My first collection of short stories, DeepFakes, is set to release on July 10, 2025!
These stories were written between 2021 and 2023. They are in the genre of dirty realism, or transgressive fiction. Think Richard Ford, Chuck Palahniuk, Dennis Johnson. I’ll share more about the process soon, but here’s the book description:
A razor-sharp collection of short stories
Corey McComb explores a treacherous terrain where reality blurs and certainty crumbles. Set against backdrops of Southern California coastal towns, Mexican strip clubs, and Wi-Fi-free zones, these tales expose the fabrications we create and the harsh truths we can’t escape.

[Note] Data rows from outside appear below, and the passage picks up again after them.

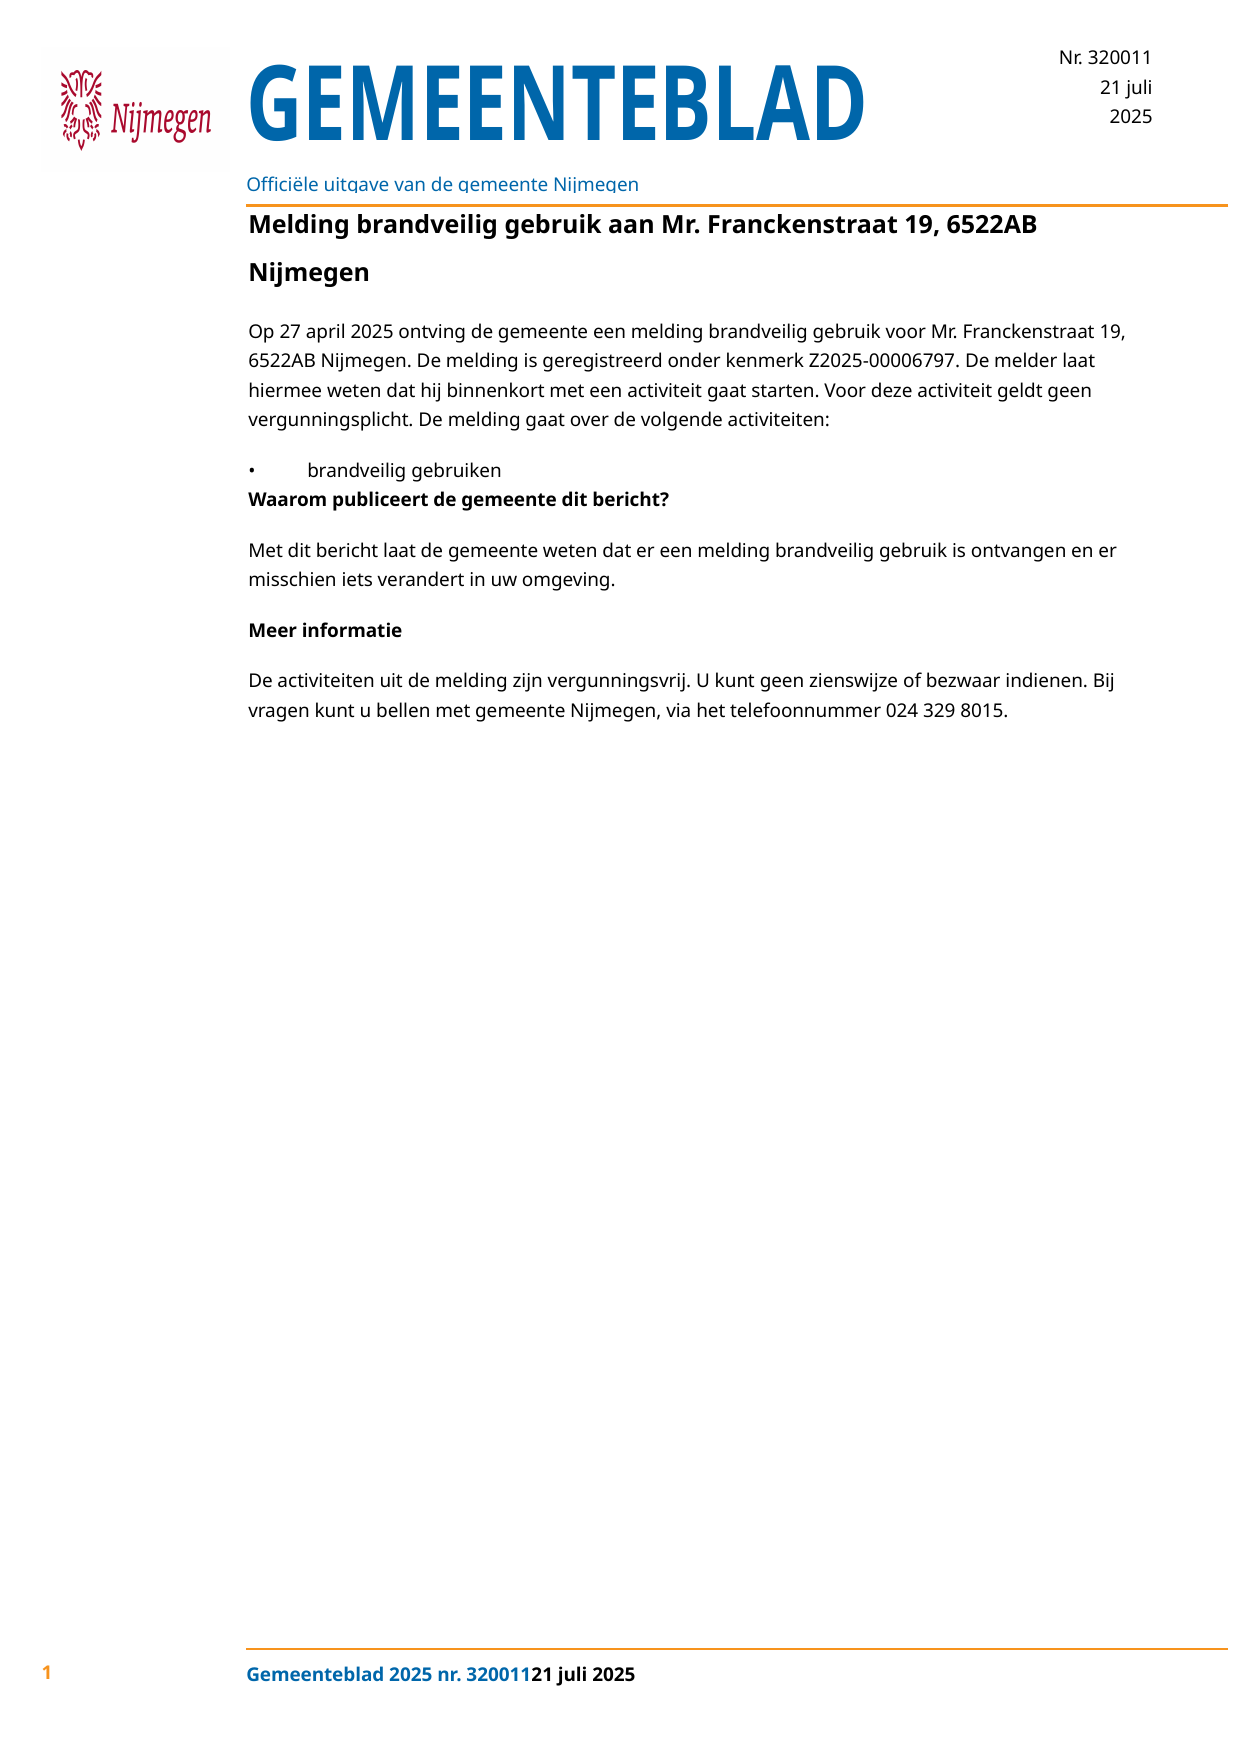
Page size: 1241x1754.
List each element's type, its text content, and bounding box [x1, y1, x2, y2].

text Melding brandveilig gebruik aan Mr. Franckenstraat 19, 6522AB Nijmegen [248, 207, 1152, 288]
text De activiteiten uit de melding zijn vergunningsvrij. U kunt geen zienswijze of bezwaar indienen. Bij vragen kunt u bellen met gemeente Nijmegen, via het telefoonnummer 024 329 8015. [248, 667, 1152, 723]
text Meer informatie [248, 617, 1152, 643]
text Op 27 april 2025 ontving de gemeente een melding brandveilig gebruik voor Mr. Franckenstraat 19, 6522AB Nijmegen. De melding is geregistreerd onder kenmerk Z2025-00006797. De melder laat hiermee weten dat hij binnenkort met een activiteit gaat starten. Voor deze activiteit geldt geen vergunningsplicht. De melding gaat over de volgende activiteiten: [248, 318, 1152, 432]
picture [41, 47, 231, 172]
list brandveilig gebruiken [248, 457, 1152, 483]
text Waarom publiceert de gemeente dit bericht? [248, 487, 1152, 512]
text Met dit bericht laat de gemeente weten dat er een melding brandveilig gebruik is ontvangen en er misschien iets verandert in uw omgeving. [248, 537, 1152, 592]
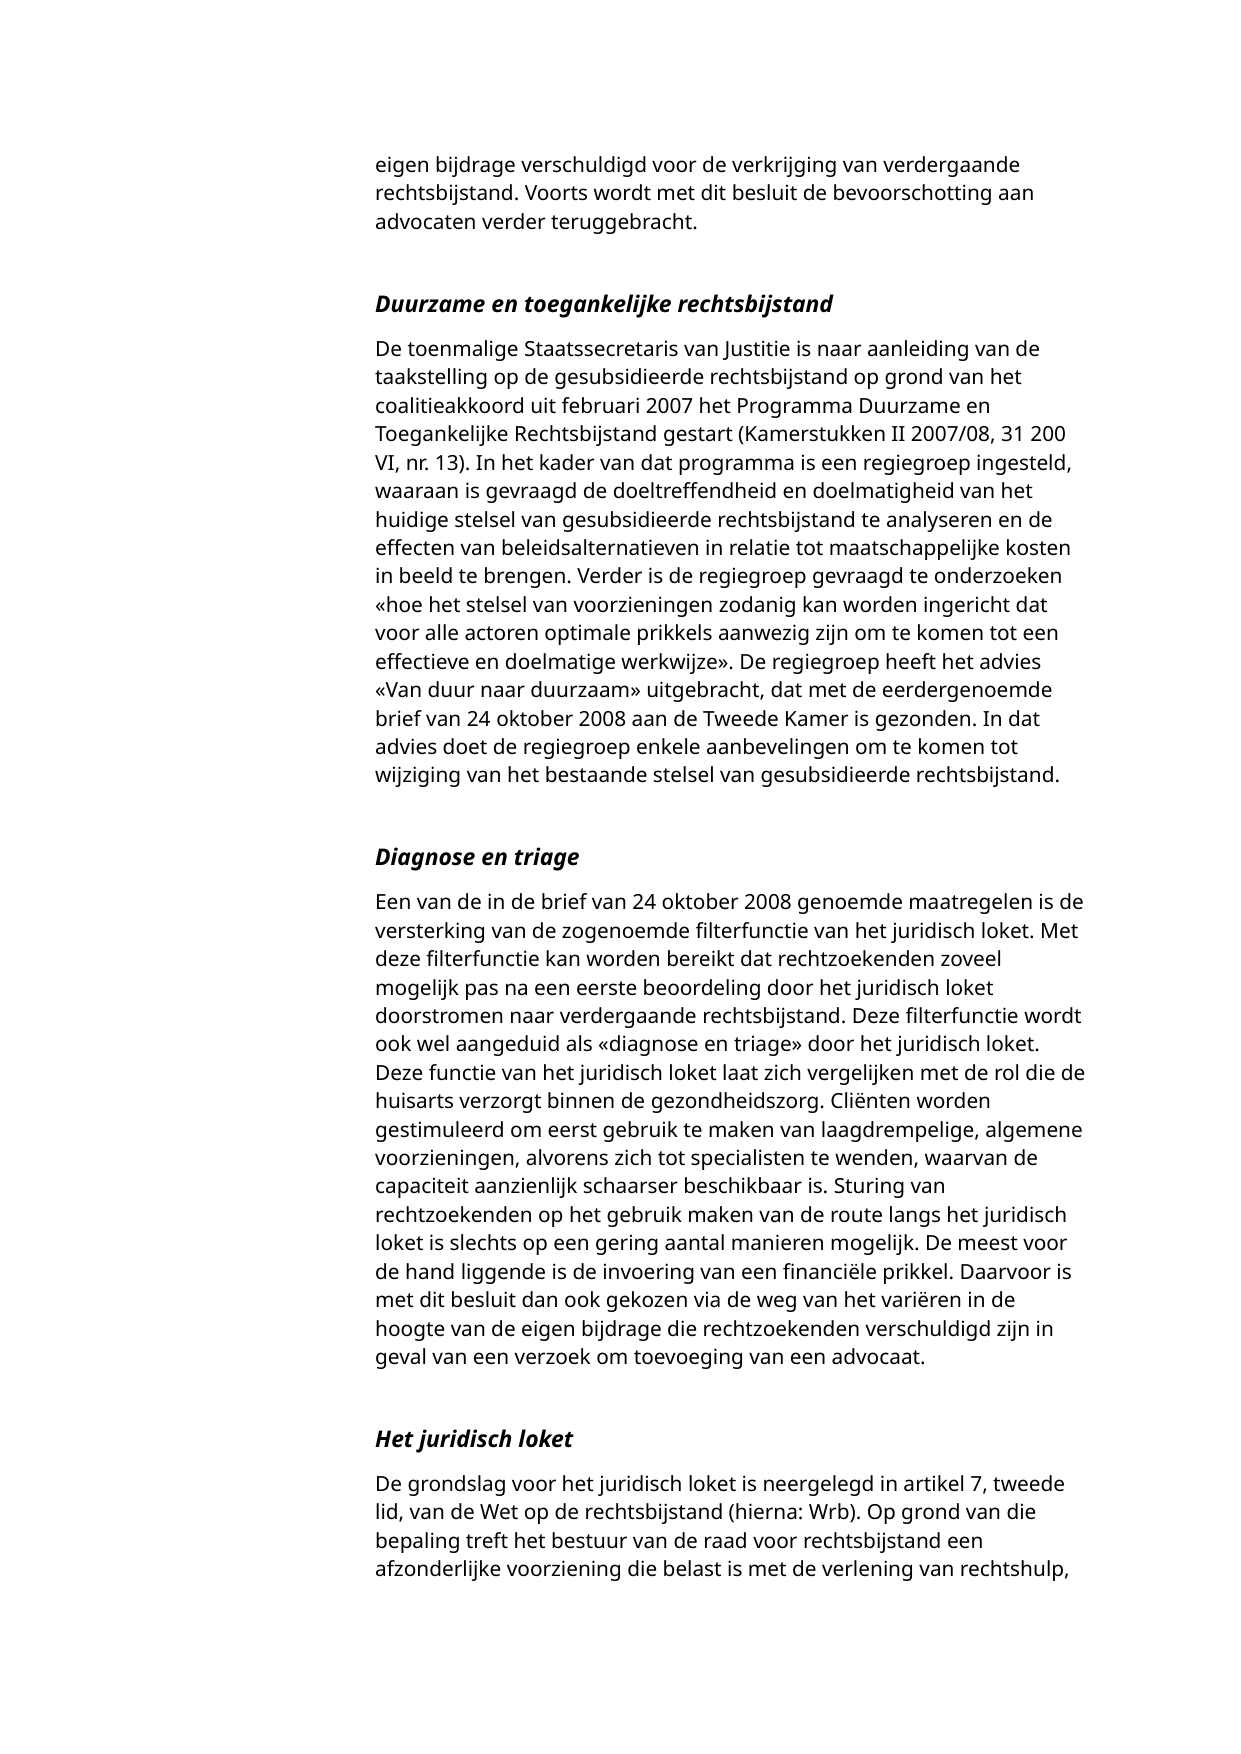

McComb’s characters exist in a world where truth is malleable: A woman confronts evidence of her husband’s apparent infidelity. A mild-mannered grocery store manager becomes a serial killer of parrots to cope with his loveless marriage. A forgotten password stands between a man and millions in cryptocurrency. A trust fund drifter reunites with a childhood friend for the wrong reasons. And a pandemic threatens what little freedom remains in a young couple’s relationship. These are people on the edge, navigating dying marriages, stifling small towns, and modern systems designed to keep them in place.
Raw, darkly observant, and emotionally tender, Deepfakes examines how people survive when the mirage of certainty shatters. These stories capture the disappointment and unexpected beauty of ordinary lives, where the deepest truths often hide behind carefully constructed facades. McComb emerges as a bold new voice in contemporary fiction, delivering dirty realism at its most potent, told with unforgettable clarity and unexpected compassion.
I’ll send an email once the book goes live on Amazon. Here are a few shots of the interior.
Author’s Note
The old joke goes, “Quitting smoking is easy, I do it every day.” This is close to my experience with these stories. I began writing them, among others, in the spring of 2021. They were finished first drafts by Christmas, and abandoned in a drawer by the following Easter. Life moved on without them. There were leases to sign. Businesses to start.
I carried them in my mind the rest of that year, taking them out to polish and tinker with for weeks at a time. I’d declare to myself and others that I’d publish them, only to find new reasons to quit. Leases broken. Passports stamped.
The next year was spent traveling and growing a business, writing limited to letters and essays. The stories, by then, might as well have been written by someone else. I no longer felt in it, or a strong connection to the work. Too much time had passed. I opened the file where they lived, and on the first page, in large, bold font, wrote: DNR: Do Not Resuscitate.
By 2023, I found myself settling down in Santa Barbara, CA. There were mountains and beaches and strange characters with potions for forgetfulness, and it felt good and right to be anchored somewhere. Time seemed to stand still then, though life kept moving forward. Papers signed. Rings removed.
During this time, I felt a renewed connection to the characters I’d written years before. A vague sense of longing and rotting beneath the Pacific sun. I was not creatively fulfilled, but among the sirens and lotus plants, I found a point of exhale. Rather than chasing my dreams, it seemed reasonable to ask them if we could just meet up later. Any writing goals or aspirations were sent a holiday autoresponder: “I’m away from my desk, but feel free to follow up in the New Year.” It was beach days and dive bars for now. Fear and Lounging on The American Riviera.
New Year’s 2024 came, and I was struck with the feeling Kafka described as the “non-writing writer courting madness.” It’d been a year without any new ideas or writing anything other than thank you cards and apology texts. And still, the stories called out. Ghosts in the drawer with unfinished business. I removed the DNR order and hired an editor. And over that year, off and on again, we turned them into what you’ve read in this book.
While certain plot holes were paved and sections reshaped, the stories remain mostly in their original form. It feels silly to write that now. What the hell took so long?
Life keeps moving, whether you finish your stories or not. And since finishing this book, new ideas and inspiration have arrived. There are new projects now and new reasons to procrastinate. New leases to sign. Ultrasounds and bassinets.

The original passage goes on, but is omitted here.